▸ To do
Lift out all lines below that contain "solid".

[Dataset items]
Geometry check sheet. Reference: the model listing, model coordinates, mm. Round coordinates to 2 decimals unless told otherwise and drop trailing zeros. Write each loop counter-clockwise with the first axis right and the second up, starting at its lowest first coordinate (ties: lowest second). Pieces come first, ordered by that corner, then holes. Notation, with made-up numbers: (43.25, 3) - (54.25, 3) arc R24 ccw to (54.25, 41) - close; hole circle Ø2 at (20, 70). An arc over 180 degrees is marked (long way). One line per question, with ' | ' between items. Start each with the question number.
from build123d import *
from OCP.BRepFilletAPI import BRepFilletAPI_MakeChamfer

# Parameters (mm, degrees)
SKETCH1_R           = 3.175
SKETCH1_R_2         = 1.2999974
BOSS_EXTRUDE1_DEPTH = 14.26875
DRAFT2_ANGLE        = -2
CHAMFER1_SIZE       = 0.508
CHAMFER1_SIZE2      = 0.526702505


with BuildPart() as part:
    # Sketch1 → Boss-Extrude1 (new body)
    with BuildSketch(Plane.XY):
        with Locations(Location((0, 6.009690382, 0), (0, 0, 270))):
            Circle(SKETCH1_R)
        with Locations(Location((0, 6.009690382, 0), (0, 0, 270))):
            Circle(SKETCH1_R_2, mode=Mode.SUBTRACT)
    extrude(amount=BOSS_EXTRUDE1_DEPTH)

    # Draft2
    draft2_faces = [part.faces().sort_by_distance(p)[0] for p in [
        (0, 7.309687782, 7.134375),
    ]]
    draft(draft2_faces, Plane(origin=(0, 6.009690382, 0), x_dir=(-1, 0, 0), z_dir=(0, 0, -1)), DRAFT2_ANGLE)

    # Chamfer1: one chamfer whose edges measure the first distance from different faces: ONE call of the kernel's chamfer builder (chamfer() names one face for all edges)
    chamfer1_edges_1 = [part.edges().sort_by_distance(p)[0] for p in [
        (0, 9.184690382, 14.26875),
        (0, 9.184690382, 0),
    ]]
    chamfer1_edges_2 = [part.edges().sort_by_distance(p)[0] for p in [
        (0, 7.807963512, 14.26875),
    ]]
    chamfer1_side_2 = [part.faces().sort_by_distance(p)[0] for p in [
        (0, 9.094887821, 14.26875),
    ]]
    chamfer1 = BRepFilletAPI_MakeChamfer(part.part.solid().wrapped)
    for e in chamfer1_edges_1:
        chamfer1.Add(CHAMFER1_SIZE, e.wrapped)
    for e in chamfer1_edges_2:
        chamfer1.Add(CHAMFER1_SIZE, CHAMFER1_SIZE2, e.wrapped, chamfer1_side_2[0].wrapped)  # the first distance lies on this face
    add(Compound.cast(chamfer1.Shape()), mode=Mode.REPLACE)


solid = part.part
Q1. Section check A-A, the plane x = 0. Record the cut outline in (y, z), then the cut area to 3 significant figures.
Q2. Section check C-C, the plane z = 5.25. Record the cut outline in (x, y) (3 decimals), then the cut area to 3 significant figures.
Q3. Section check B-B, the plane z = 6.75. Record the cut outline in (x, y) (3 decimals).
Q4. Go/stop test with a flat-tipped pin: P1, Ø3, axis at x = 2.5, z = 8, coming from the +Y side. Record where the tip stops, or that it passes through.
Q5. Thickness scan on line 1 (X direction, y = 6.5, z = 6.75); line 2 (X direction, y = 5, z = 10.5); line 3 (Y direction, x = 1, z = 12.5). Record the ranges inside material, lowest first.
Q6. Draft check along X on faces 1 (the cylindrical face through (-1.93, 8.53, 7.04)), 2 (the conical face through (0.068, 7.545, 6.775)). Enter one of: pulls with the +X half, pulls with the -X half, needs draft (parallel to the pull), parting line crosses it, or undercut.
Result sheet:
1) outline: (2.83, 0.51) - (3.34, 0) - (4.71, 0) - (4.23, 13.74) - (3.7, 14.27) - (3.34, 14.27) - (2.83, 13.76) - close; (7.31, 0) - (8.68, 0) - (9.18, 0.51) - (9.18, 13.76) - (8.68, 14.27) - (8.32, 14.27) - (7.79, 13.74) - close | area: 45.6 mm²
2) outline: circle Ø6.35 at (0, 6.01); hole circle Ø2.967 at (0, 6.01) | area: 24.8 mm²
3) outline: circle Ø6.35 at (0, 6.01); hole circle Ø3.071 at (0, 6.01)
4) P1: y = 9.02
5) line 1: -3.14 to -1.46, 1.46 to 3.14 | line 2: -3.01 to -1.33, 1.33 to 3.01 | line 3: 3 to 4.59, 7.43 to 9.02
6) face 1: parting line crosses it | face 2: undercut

▸ Task response
    chamfer1 = BRepFilletAPI_MakeChamfer(part.part.solid().wrapped)
solid = part.part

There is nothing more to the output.